● Exercise instructions
Here is a block of entries. Write out its lines exactly, from the first through the one containing "- pedestrian <box>1030,855,1037,872</box>".

[Given records]

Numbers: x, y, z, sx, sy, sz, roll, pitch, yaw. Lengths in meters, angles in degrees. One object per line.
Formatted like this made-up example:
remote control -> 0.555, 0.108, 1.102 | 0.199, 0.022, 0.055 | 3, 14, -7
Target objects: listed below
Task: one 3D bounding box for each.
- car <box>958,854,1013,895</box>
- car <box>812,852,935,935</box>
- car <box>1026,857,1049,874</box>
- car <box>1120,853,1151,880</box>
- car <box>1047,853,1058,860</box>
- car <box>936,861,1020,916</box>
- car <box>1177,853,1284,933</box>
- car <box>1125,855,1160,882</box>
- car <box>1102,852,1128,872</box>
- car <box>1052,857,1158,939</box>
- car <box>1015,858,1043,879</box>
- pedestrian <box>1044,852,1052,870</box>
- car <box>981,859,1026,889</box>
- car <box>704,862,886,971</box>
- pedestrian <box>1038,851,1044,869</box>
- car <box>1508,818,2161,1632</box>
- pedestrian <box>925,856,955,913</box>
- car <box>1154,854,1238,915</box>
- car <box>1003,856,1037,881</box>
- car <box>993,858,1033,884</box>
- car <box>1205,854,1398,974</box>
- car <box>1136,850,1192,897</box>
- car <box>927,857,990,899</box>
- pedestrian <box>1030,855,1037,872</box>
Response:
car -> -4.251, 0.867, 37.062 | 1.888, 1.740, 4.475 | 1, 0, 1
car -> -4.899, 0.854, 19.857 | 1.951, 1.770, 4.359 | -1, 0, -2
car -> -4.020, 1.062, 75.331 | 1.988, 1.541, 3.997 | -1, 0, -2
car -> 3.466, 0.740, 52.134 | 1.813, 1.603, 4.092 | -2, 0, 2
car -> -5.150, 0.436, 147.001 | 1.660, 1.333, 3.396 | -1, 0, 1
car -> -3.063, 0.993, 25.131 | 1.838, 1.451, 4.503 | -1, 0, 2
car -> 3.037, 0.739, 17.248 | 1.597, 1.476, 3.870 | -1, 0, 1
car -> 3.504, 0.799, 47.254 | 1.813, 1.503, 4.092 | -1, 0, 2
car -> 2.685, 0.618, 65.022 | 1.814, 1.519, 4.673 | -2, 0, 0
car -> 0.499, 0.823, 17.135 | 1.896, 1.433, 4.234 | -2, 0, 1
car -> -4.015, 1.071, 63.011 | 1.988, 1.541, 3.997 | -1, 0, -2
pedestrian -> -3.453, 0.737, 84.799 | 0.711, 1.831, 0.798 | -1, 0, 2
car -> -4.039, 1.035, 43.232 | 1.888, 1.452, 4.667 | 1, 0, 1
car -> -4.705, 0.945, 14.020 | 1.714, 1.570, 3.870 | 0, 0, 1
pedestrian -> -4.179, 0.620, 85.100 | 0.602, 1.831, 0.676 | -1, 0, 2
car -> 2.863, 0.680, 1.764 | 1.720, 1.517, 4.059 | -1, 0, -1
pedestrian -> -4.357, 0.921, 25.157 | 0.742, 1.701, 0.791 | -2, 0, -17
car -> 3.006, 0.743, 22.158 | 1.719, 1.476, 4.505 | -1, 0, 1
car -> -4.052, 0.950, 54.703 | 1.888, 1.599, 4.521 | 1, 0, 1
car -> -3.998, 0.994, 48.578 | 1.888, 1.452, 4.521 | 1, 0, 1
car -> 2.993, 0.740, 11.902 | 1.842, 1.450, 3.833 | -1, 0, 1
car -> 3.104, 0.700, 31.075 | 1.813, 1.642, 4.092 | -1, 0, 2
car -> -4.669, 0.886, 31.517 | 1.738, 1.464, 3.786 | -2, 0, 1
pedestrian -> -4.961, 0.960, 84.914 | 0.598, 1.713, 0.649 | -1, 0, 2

[/Given records]

● Task response
Numbers: x, y, z, sx, sy, sz, roll, pitch, yaw. Lengths in meters, angles in degrees. One object per line.
Formatted like this made-up example:
remote control -> 0.555, 0.108, 1.102 | 0.199, 0.022, 0.055 | 3, 14, -7
Target objects: listed below
Task: one 3D bounding box for each.
- car <box>958,854,1013,895</box>
- car <box>812,852,935,935</box>
- car <box>1026,857,1049,874</box>
- car <box>1120,853,1151,880</box>
- car <box>1047,853,1058,860</box>
- car <box>936,861,1020,916</box>
- car <box>1177,853,1284,933</box>
- car <box>1125,855,1160,882</box>
- car <box>1102,852,1128,872</box>
- car <box>1052,857,1158,939</box>
- car <box>1015,858,1043,879</box>
- pedestrian <box>1044,852,1052,870</box>
- car <box>981,859,1026,889</box>
- car <box>704,862,886,971</box>
- pedestrian <box>1038,851,1044,869</box>
- car <box>1508,818,2161,1632</box>
- pedestrian <box>925,856,955,913</box>
- car <box>1154,854,1238,915</box>
- car <box>1003,856,1037,881</box>
- car <box>993,858,1033,884</box>
- car <box>1205,854,1398,974</box>
- car <box>1136,850,1192,897</box>
- car <box>927,857,990,899</box>
- pedestrian <box>1030,855,1037,872</box>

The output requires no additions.